EXERCISE DESCRIPTION:
Return, unchanged and with no pictures, the lines below from the very first through the one that contains "Answer: D_1 What".

Dataset records:

#####

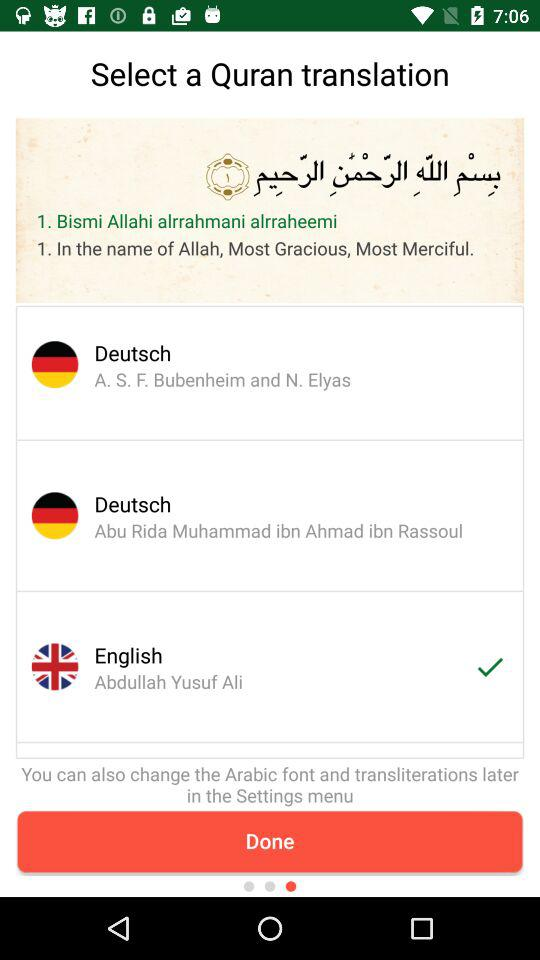Which option is selected? The selected option is "English". 
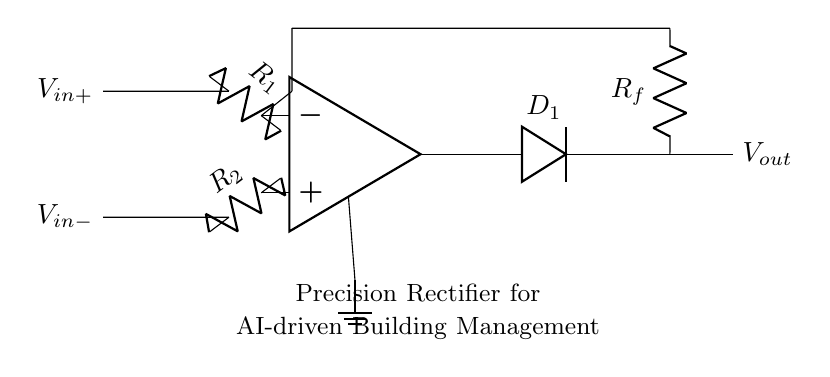What are the input voltages for the precision rectifier? The input voltages are labeled as V_in+ and V_in-. These are the two points at which the input signals are applied to the non-inverting and inverting terminals of the operational amplifier.
Answer: V_in+ and V_in- What type of diode is used in this circuit? The circuit diagram labels the diode as D_1. This indicates the presence of a standard diode typically used for rectification purposes.
Answer: D_1 What is the function of the operational amplifier in this circuit? The operational amplifier amplifies the difference between the input voltages applied to its inverting and non-inverting terminals. In a precision rectifier, it ensures accurate rectification even for small input signals.
Answer: Amplification What is the value of the feedback resistor denoted in the circuit? The feedback resistor is labeled as R_f, and the circuit does not provide a numerical value, so it is assumed to be variable or unspecified.
Answer: R_f How is the output voltage calculated in this precision rectifier circuit? The output voltage V_out is determined based on the amplified difference between V_in+ and V_in-, modified by the diode's conduction state, which allows only positive output during the rectification process. The specifics depend on the values of R_1, R_2, and R_f.
Answer: Through amplification and rectification What is the ground reference in the circuit? The ground reference is indicated by the ground symbol at the bottom of the operational amplifier, connecting to the op-amp's negative terminal. This is critical for establishing a common reference point for the circuit.
Answer: Ground What happens when V_in+ is less than V_in-? When V_in+ is less than V_in-, the operational amplifier output will go low, and the diode D_1 will be reverse biased, resulting in no current flow and thus V_out will be zero.
Answer: V_out = zero 
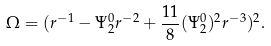Convert formula to latex. <formula><loc_0><loc_0><loc_500><loc_500>\Omega = ( r ^ { - 1 } - \Psi _ { 2 } ^ { 0 } r ^ { - 2 } + \frac { 1 1 } { 8 } ( \Psi _ { 2 } ^ { 0 } ) ^ { 2 } r ^ { - 3 } ) ^ { 2 } .</formula> 
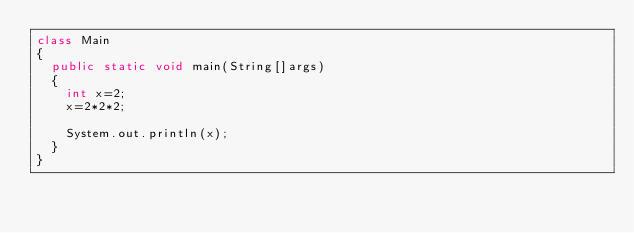Convert code to text. <code><loc_0><loc_0><loc_500><loc_500><_Java_>class Main
{
	public static void main(String[]args)
	{
		int x=2;
		x=2*2*2;
 
		System.out.println(x);
	}
}</code>

#####

SOLUTION FOR THIS TASK:
Which option is selected? The selected option is "English". 
What are the input voltages for the precision rectifier? The input voltages are labeled as V_in+ and V_in-. These are the two points at which the input signals are applied to the non-inverting and inverting terminals of the operational amplifier.
Answer: V_in+ and V_in- What type of diode is used in this circuit? The circuit diagram labels the diode as D_1. This indicates the presence of a standard diode typically used for rectification purposes.
Answer: D_1 What is the function of the operational amplifier in this circuit? The operational amplifier amplifies the difference between the input voltages applied to its inverting and non-inverting terminals. In a precision rectifier, it ensures accurate rectification even for small input signals.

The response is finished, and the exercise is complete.